'''

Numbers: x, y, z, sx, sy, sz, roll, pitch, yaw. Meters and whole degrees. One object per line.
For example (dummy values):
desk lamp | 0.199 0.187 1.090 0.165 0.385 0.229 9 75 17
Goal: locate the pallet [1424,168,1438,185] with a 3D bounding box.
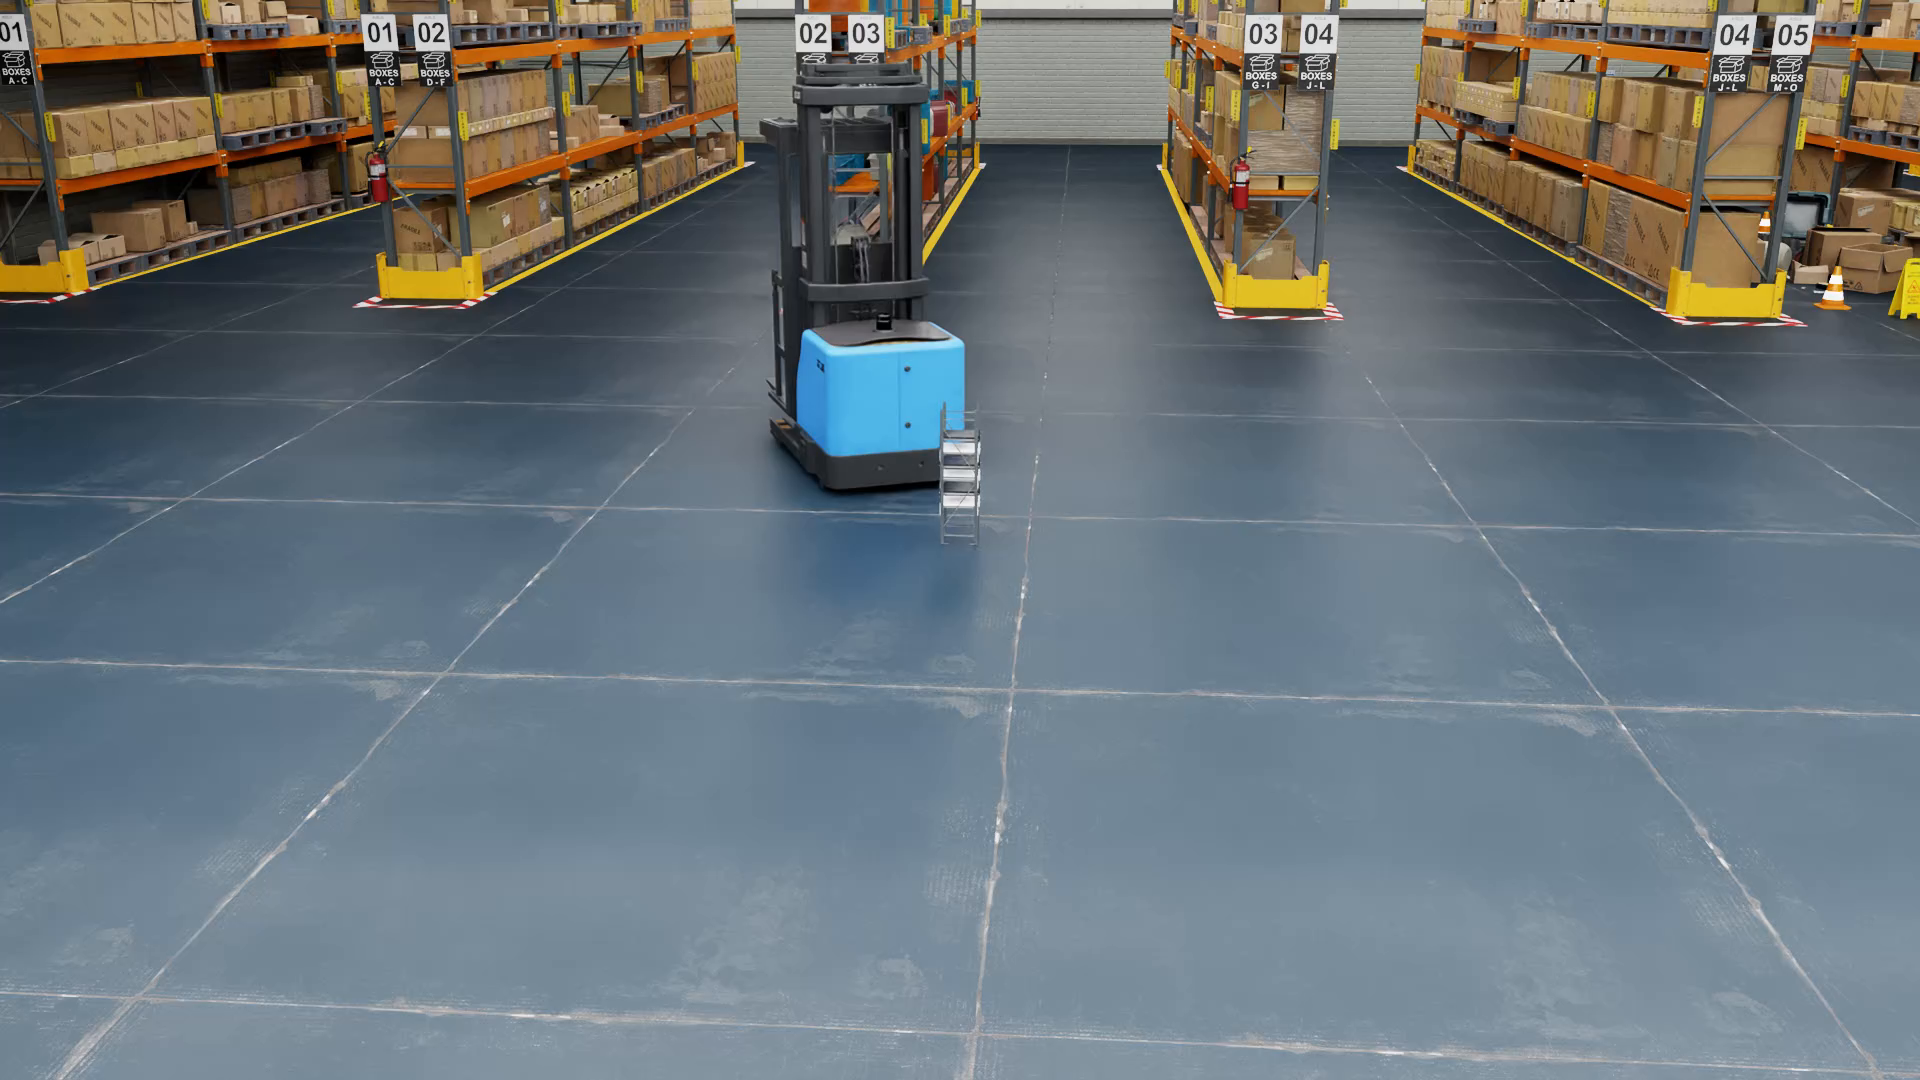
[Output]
pallet | 9.511 -6.957 31.815 1.003 0.211 1.213 1 18 4

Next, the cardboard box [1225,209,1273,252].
cardboard box | 3.798 -4.060 21.837 0.500 0.500 0.500 7 20 21

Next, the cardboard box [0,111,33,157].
cardboard box | -11.387 -4.885 20.019 0.500 0.500 0.500 1 18 3

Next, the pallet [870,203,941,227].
pallet | -0.848 -5.138 26.264 1.003 0.211 1.213 1 18 4

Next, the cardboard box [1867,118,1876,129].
cardboard box | 13.743 -6.183 24.706 0.380 0.149 0.250 0 18 0

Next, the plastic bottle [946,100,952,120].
plastic bottle | -0.219 -7.571 29.292 0.144 0.351 0.185 1 18 4

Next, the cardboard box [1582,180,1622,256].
cardboard box | 8.725 -4.204 21.673 0.875 0.875 0.875 2 18 5

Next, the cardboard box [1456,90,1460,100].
cardboard box | 8.927 -7.802 29.167 0.380 0.149 0.250 2 18 5

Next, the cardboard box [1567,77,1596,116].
cardboard box | 8.941 -6.202 23.266 0.700 0.500 0.500 1 18 4

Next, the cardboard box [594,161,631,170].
cardboard box | -5.861 -6.131 28.126 0.500 0.500 0.500 2 18 6

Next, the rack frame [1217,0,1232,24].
rack frame | 3.900 -8.201 21.499 1.000 3.000 0.127 1 18 4

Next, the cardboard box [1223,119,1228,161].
cardboard box | 3.723 -4.934 20.525 0.875 0.500 0.500 1 18 4

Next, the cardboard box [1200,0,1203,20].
cardboard box | 3.857 -8.005 24.755 0.500 0.500 0.500 1 18 4

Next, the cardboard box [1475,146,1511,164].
cardboard box | 9.020 -6.513 28.119 0.500 0.250 0.500 2 18 6

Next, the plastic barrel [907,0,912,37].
plastic barrel | -1.029 -8.116 25.253 0.600 0.901 0.600 0 18 0

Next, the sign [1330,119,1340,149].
sign | 4.155 -4.507 18.470 0.100 0.325 0.005 1 18 4

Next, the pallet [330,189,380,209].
pallet | -10.503 -5.842 28.413 1.003 0.211 1.213 1 18 4

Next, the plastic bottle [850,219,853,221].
plastic bottle | -1.500 -4.284 22.854 0.097 0.271 0.097 0 18 0

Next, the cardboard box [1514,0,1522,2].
cardboard box | 8.919 -8.578 26.077 0.396 0.266 0.258 1 18 4

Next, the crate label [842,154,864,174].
crate label | -1.465 -4.813 20.736 0.502 0.435 0.616 1 18 4

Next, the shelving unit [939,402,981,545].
shelving unit | 0.001 -0.430 10.791 0.258 0.900 0.210 1 18 4

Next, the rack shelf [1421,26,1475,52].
rack shelf | 9.557 -9.397 31.123 1.077 0.370 4.000 1 18 4

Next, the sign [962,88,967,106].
sign | 0.082 -8.064 30.271 0.100 0.325 0.005 1 18 4

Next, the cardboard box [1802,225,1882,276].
cardboard box | 11.157 -3.657 21.058 0.797 0.637 0.503 1 18 4

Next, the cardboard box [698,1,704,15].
cardboard box | -5.090 -9.949 31.091 0.500 0.250 0.500 1 18 4

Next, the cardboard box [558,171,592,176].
cardboard box | -6.053 -5.655 26.203 0.500 0.311 0.500 1 18 3

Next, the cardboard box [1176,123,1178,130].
cardboard box | 4.794 -8.066 33.460 0.875 0.875 0.875 1 18 4

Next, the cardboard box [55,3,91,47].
cardboard box | -10.861 -6.186 19.975 0.500 0.500 0.500 2 18 8

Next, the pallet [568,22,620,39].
pallet | -5.730 -7.590 24.755 1.003 0.211 1.213 2 18 6

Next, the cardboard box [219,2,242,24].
cardboard box | -10.758 -7.624 24.023 0.500 0.311 0.500 2 18 6

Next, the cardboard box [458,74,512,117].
cardboard box | -6.114 -5.631 21.046 0.700 0.500 0.500 1 18 4

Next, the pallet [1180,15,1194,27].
pallet | 4.543 -9.472 30.337 1.003 0.211 1.213 1 18 4

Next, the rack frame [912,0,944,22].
rack frame | -0.753 -9.554 25.628 1.000 3.000 0.127 1 18 4

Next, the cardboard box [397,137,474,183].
cardboard box | -6.221 -4.522 19.746 0.700 0.500 0.500 1 18 4

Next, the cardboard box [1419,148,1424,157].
cardboard box | 9.331 -7.680 32.971 0.380 0.149 0.250 1 18 4

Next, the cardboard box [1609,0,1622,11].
cardboard box | 8.526 -6.805 20.984 0.500 0.250 0.500 1 18 4

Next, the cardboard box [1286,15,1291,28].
cardboard box | 3.874 -5.891 18.868 0.380 0.149 0.250 1 18 3

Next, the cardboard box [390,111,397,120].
cardboard box | -10.225 -7.551 29.523 0.380 0.149 0.250 1 18 2

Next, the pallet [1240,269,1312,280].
pallet | 3.712 -3.058 19.915 1.003 0.211 1.213 1 18 4

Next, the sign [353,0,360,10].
sign | -6.807 -6.155 18.777 0.100 0.325 0.005 1 18 4

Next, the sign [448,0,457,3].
sign | -5.714 -6.194 18.661 0.100 0.325 0.005 1 18 4

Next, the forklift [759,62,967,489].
forklift | -0.893 -2.174 12.852 1.130 2.935 3.031 -6 19 -17

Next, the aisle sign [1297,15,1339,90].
aisle sign | 3.908 -5.317 18.158 0.394 0.787 0.004 1 18 4

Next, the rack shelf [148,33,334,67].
rack shelf | -10.778 -7.386 24.986 1.077 0.370 4.000 1 18 4

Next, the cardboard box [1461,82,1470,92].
cardboard box | 8.913 -7.857 28.856 0.380 0.149 0.250 2 18 5

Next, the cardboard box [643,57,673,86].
cardboard box | -5.629 -8.742 31.020 0.500 0.500 0.500 1 18 4

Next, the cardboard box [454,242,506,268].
cardboard box | -5.975 -3.540 20.650 0.500 0.250 0.500 1 18 4

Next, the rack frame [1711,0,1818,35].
rack frame | 8.553 -6.816 17.274 1.000 3.000 0.127 1 18 4

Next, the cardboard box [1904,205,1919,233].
cardboard box | 13.868 -4.466 23.281 0.950 0.372 0.625 2 18 7

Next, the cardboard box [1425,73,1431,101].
cardboard box | 9.380 -8.824 32.396 0.500 0.500 0.500 1 18 4

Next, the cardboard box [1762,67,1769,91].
cardboard box | 14.031 -7.847 28.288 0.500 0.500 0.500 1 18 4

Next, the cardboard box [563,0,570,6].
cardboard box | -5.879 -7.850 23.609 0.500 0.500 0.500 3 18 9

'''

Action item
With the pictures omitted, the records above are to be repeated exactly.

Output for this exercise
Numbers: x, y, z, sx, sy, sz, roll, pitch, yaw. Meters and whole degrees. One object per line.
For example (dummy values):
desk lamp | 0.199 0.187 1.090 0.165 0.385 0.229 9 75 17
Goal: locate the pallet [1424,168,1438,185] with a 3D bounding box.
[Output]
pallet | 9.511 -6.957 31.815 1.003 0.211 1.213 1 18 4

Next, the cardboard box [1225,209,1273,252].
cardboard box | 3.798 -4.060 21.837 0.500 0.500 0.500 7 20 21

Next, the cardboard box [0,111,33,157].
cardboard box | -11.387 -4.885 20.019 0.500 0.500 0.500 1 18 3

Next, the pallet [870,203,941,227].
pallet | -0.848 -5.138 26.264 1.003 0.211 1.213 1 18 4

Next, the cardboard box [1867,118,1876,129].
cardboard box | 13.743 -6.183 24.706 0.380 0.149 0.250 0 18 0

Next, the plastic bottle [946,100,952,120].
plastic bottle | -0.219 -7.571 29.292 0.144 0.351 0.185 1 18 4

Next, the cardboard box [1582,180,1622,256].
cardboard box | 8.725 -4.204 21.673 0.875 0.875 0.875 2 18 5

Next, the cardboard box [1456,90,1460,100].
cardboard box | 8.927 -7.802 29.167 0.380 0.149 0.250 2 18 5

Next, the cardboard box [1567,77,1596,116].
cardboard box | 8.941 -6.202 23.266 0.700 0.500 0.500 1 18 4

Next, the cardboard box [594,161,631,170].
cardboard box | -5.861 -6.131 28.126 0.500 0.500 0.500 2 18 6

Next, the rack frame [1217,0,1232,24].
rack frame | 3.900 -8.201 21.499 1.000 3.000 0.127 1 18 4

Next, the cardboard box [1223,119,1228,161].
cardboard box | 3.723 -4.934 20.525 0.875 0.500 0.500 1 18 4

Next, the cardboard box [1200,0,1203,20].
cardboard box | 3.857 -8.005 24.755 0.500 0.500 0.500 1 18 4

Next, the cardboard box [1475,146,1511,164].
cardboard box | 9.020 -6.513 28.119 0.500 0.250 0.500 2 18 6

Next, the plastic barrel [907,0,912,37].
plastic barrel | -1.029 -8.116 25.253 0.600 0.901 0.600 0 18 0

Next, the sign [1330,119,1340,149].
sign | 4.155 -4.507 18.470 0.100 0.325 0.005 1 18 4

Next, the pallet [330,189,380,209].
pallet | -10.503 -5.842 28.413 1.003 0.211 1.213 1 18 4

Next, the plastic bottle [850,219,853,221].
plastic bottle | -1.500 -4.284 22.854 0.097 0.271 0.097 0 18 0

Next, the cardboard box [1514,0,1522,2].
cardboard box | 8.919 -8.578 26.077 0.396 0.266 0.258 1 18 4

Next, the crate label [842,154,864,174].
crate label | -1.465 -4.813 20.736 0.502 0.435 0.616 1 18 4

Next, the shelving unit [939,402,981,545].
shelving unit | 0.001 -0.430 10.791 0.258 0.900 0.210 1 18 4

Next, the rack shelf [1421,26,1475,52].
rack shelf | 9.557 -9.397 31.123 1.077 0.370 4.000 1 18 4

Next, the sign [962,88,967,106].
sign | 0.082 -8.064 30.271 0.100 0.325 0.005 1 18 4

Next, the cardboard box [1802,225,1882,276].
cardboard box | 11.157 -3.657 21.058 0.797 0.637 0.503 1 18 4

Next, the cardboard box [698,1,704,15].
cardboard box | -5.090 -9.949 31.091 0.500 0.250 0.500 1 18 4

Next, the cardboard box [558,171,592,176].
cardboard box | -6.053 -5.655 26.203 0.500 0.311 0.500 1 18 3

Next, the cardboard box [1176,123,1178,130].
cardboard box | 4.794 -8.066 33.460 0.875 0.875 0.875 1 18 4

Next, the cardboard box [55,3,91,47].
cardboard box | -10.861 -6.186 19.975 0.500 0.500 0.500 2 18 8

Next, the pallet [568,22,620,39].
pallet | -5.730 -7.590 24.755 1.003 0.211 1.213 2 18 6

Next, the cardboard box [219,2,242,24].
cardboard box | -10.758 -7.624 24.023 0.500 0.311 0.500 2 18 6

Next, the cardboard box [458,74,512,117].
cardboard box | -6.114 -5.631 21.046 0.700 0.500 0.500 1 18 4

Next, the pallet [1180,15,1194,27].
pallet | 4.543 -9.472 30.337 1.003 0.211 1.213 1 18 4

Next, the rack frame [912,0,944,22].
rack frame | -0.753 -9.554 25.628 1.000 3.000 0.127 1 18 4

Next, the cardboard box [397,137,474,183].
cardboard box | -6.221 -4.522 19.746 0.700 0.500 0.500 1 18 4

Next, the cardboard box [1419,148,1424,157].
cardboard box | 9.331 -7.680 32.971 0.380 0.149 0.250 1 18 4

Next, the cardboard box [1609,0,1622,11].
cardboard box | 8.526 -6.805 20.984 0.500 0.250 0.500 1 18 4

Next, the cardboard box [1286,15,1291,28].
cardboard box | 3.874 -5.891 18.868 0.380 0.149 0.250 1 18 3

Next, the cardboard box [390,111,397,120].
cardboard box | -10.225 -7.551 29.523 0.380 0.149 0.250 1 18 2

Next, the pallet [1240,269,1312,280].
pallet | 3.712 -3.058 19.915 1.003 0.211 1.213 1 18 4

Next, the sign [353,0,360,10].
sign | -6.807 -6.155 18.777 0.100 0.325 0.005 1 18 4

Next, the sign [448,0,457,3].
sign | -5.714 -6.194 18.661 0.100 0.325 0.005 1 18 4

Next, the forklift [759,62,967,489].
forklift | -0.893 -2.174 12.852 1.130 2.935 3.031 -6 19 -17

Next, the aisle sign [1297,15,1339,90].
aisle sign | 3.908 -5.317 18.158 0.394 0.787 0.004 1 18 4

Next, the rack shelf [148,33,334,67].
rack shelf | -10.778 -7.386 24.986 1.077 0.370 4.000 1 18 4

Next, the cardboard box [1461,82,1470,92].
cardboard box | 8.913 -7.857 28.856 0.380 0.149 0.250 2 18 5

Next, the cardboard box [643,57,673,86].
cardboard box | -5.629 -8.742 31.020 0.500 0.500 0.500 1 18 4

Next, the cardboard box [454,242,506,268].
cardboard box | -5.975 -3.540 20.650 0.500 0.250 0.500 1 18 4

Next, the rack frame [1711,0,1818,35].
rack frame | 8.553 -6.816 17.274 1.000 3.000 0.127 1 18 4

Next, the cardboard box [1904,205,1919,233].
cardboard box | 13.868 -4.466 23.281 0.950 0.372 0.625 2 18 7

Next, the cardboard box [1425,73,1431,101].
cardboard box | 9.380 -8.824 32.396 0.500 0.500 0.500 1 18 4

Next, the cardboard box [1762,67,1769,91].
cardboard box | 14.031 -7.847 28.288 0.500 0.500 0.500 1 18 4

Next, the cardboard box [563,0,570,6].
cardboard box | -5.879 -7.850 23.609 0.500 0.500 0.500 3 18 9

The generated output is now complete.